Shoulder

Treating shoulder dysfunction and “frozen shoulder”. Ferguson LW. Chiropractic Technique, 1995; 7:73-81.

Author’s Abstract:

This article presents three case histories to illustrate the treatment of “frozen shoulder” and related shoulder dysfunction as a combined disorder involving joint dysfunction and myofascial pain syndrome. The author reviews the literature and questions the traditional treatment approaches, which focus on treating inflammation and breaking adhesions. The concept of adhesive capsulitis as the only cause of “frozen shoulder” is challenged. The author proposes an alternative treatment protocol that addresses specific patterns of joint dysfunction and myofascial disorder.

Comment by Dr. Koren: Dr. Ferguson utilized spinal adjustments and shoulder adjustments.

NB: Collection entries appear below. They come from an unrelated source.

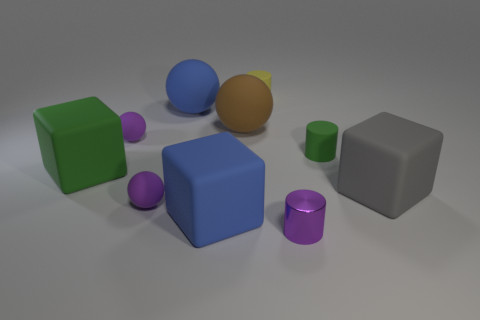Subtract all large gray blocks. How many blocks are left? 2 Subtract all green cylinders. How many cylinders are left? 2 Subtract 1 blue cubes. How many objects are left? 9 Subtract all balls. How many objects are left? 6 Subtract 2 cylinders. How many cylinders are left? 1 Subtract all cyan spheres. Subtract all blue blocks. How many spheres are left? 4 Subtract all purple cubes. How many yellow spheres are left? 0 Subtract all green rubber cylinders. Subtract all large rubber cubes. How many objects are left? 6 Add 9 tiny yellow things. How many tiny yellow things are left? 10 Add 8 brown balls. How many brown balls exist? 9 
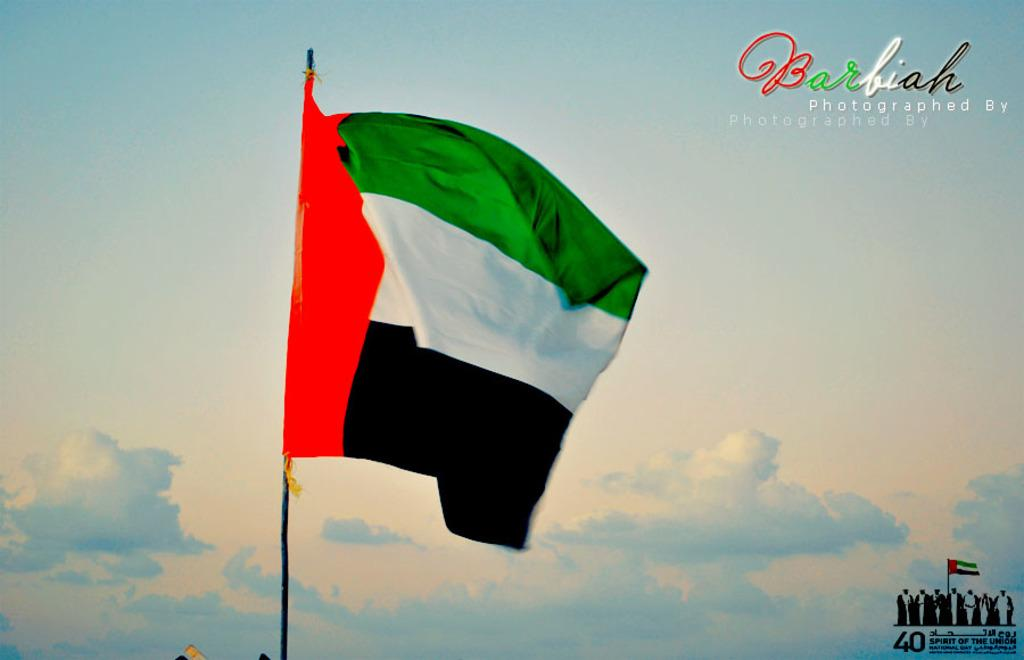What can be seen in the image that represents a symbol or country? There is a flag in the image. Where is the text located in the top right corner of the image? There is text in the top right corner of the image. Where is the text located in the bottom right corner of the image? There is text in the bottom right corner of the image. What type of vacation is being advertised in the image? There is no information about a vacation in the image; it only contains a flag and text in the corners. Can you see any trousers being worn by someone in the image? There are no people or clothing items visible in the image. 
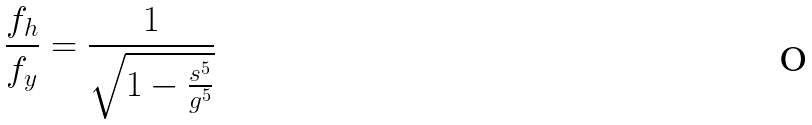<formula> <loc_0><loc_0><loc_500><loc_500>\frac { f _ { h } } { f _ { y } } = \frac { 1 } { \sqrt { 1 - \frac { s ^ { 5 } } { g ^ { 5 } } } }</formula> 
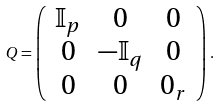<formula> <loc_0><loc_0><loc_500><loc_500>Q = \left ( \begin{array} { c c c } \mathbb { I } _ { p } & 0 & 0 \\ 0 & - \mathbb { I } _ { q } & 0 \\ 0 & 0 & 0 _ { r } \end{array} \right ) \, .</formula>

Conservative chiropractic care of frozen shoulder syndrome: a case study. Freeley KM Chiropr Res J, 1992; 2(2):31-37.

Frozen shoulder, also known as adhesive capsulitis is a complex of symptoms including painful shoulder of gradual onset with slowly increasing pain and stiffness and limitation of movement.

This is the case of a 43 year-old woman suffering from neck pain radiating into the left shoulder, arm and left dorsal area, with associated severe muscle weakness of the left arm. The problem began 20 years ago with the birth of her first child. The patient also suffered from headaches in the suboccipital region for the prior 8-10 years, neck pain and thoracic pain on the left side.

The patient was adjusted using upper cervical procedures. Immediately after the first adjustment the left hand doubled in grip strength as the right hand increased by 25%. Post x-rays showed correction of the spinal distortions however, the symptoms took longer to resolve.

One month after beginning care the patient reported feeling “much better” with full range of motion of the left shoulder regained. Within 6 weeks the shoulder and arm pain had completely resolved with a 400% increase in left hand grip strength and a 100% increase in right hand grip strength. A one-year follow-up showed continued resolution of her problems.

Comparison of physiotherapy, manipulation, and corticosteroid injection for treating shoulder complaints in general practice: randomized, single blind study. Sobel JS, Winters JC, Groenier K, Arendzen JH, Meyboom de Jong B. British Medical Journal 1997; 314:1320-5.

198 patients with shoulder complaints were divided into two diagnostic groups: 58 in a shoulder girdle group and 114 in a synovial group. Patients in the shoulder girdle group were randomized to manipulation or physiotherapy and patients in the synovial group were randomized to corticosteroid injection, manipulation or physiotherapy.

In the shoulder girdle group, the duration of complaints was significantly shorter after manipulation compared to physiotherapy. The number of patients reporting treatment failure was less with manipulation.

In the synovial group, duration of complaints was shortest after corticosteroid injection compared with manipulation and physiotherapy.

(Note: either G.P.s or physiotherapists performed the manipulations).

Physical examination of the cervical spine and shoulder girdle in patients with shoulder complaints. Sobel JS, Winters JC, Groenier K, Arendzen JH, Meyboom de Jong B Journal of Manipulative and Physiological Therapeutics 1997; 20:257-62.

From the abstract:

In the population of patients without shoulder complaints the mobility in the cervical and upper thoracic spine was found to decrease with aging…functional disorders in the cervical spine, the higher thoracic spine and the adjoining ribs are not extrinsic causes of shoulder complaints, but an integral part of the intrinsic causes of shoulder complaints.